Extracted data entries
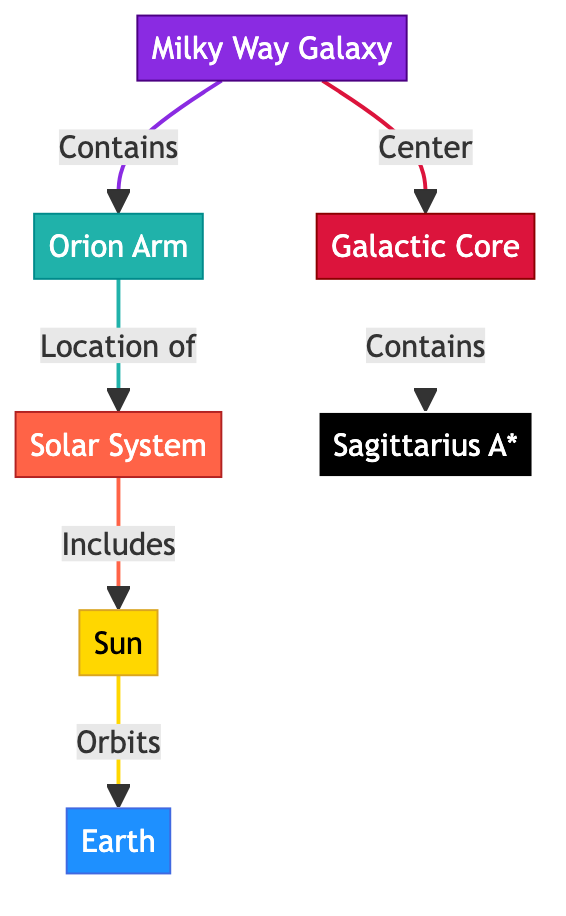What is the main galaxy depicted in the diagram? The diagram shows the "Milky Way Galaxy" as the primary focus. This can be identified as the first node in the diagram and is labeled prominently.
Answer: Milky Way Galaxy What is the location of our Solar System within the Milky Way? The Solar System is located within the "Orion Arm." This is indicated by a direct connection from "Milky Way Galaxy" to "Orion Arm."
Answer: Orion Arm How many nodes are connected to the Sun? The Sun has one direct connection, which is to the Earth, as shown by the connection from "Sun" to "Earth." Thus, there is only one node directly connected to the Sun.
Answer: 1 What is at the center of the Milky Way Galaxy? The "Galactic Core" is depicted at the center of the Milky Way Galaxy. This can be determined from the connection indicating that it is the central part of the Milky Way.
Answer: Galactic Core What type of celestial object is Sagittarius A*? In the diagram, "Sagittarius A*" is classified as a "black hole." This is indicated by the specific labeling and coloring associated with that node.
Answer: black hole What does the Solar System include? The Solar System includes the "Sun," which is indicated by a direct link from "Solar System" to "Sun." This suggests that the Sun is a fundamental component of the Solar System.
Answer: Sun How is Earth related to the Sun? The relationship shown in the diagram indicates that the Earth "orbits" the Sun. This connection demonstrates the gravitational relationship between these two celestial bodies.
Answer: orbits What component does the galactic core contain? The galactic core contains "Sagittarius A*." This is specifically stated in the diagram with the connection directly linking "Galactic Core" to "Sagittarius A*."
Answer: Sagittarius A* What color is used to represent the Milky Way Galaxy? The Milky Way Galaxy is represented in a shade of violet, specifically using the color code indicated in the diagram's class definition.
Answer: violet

Task
Across the data, how many lines contain the string "which"? Only the number is wanted.

Solution
2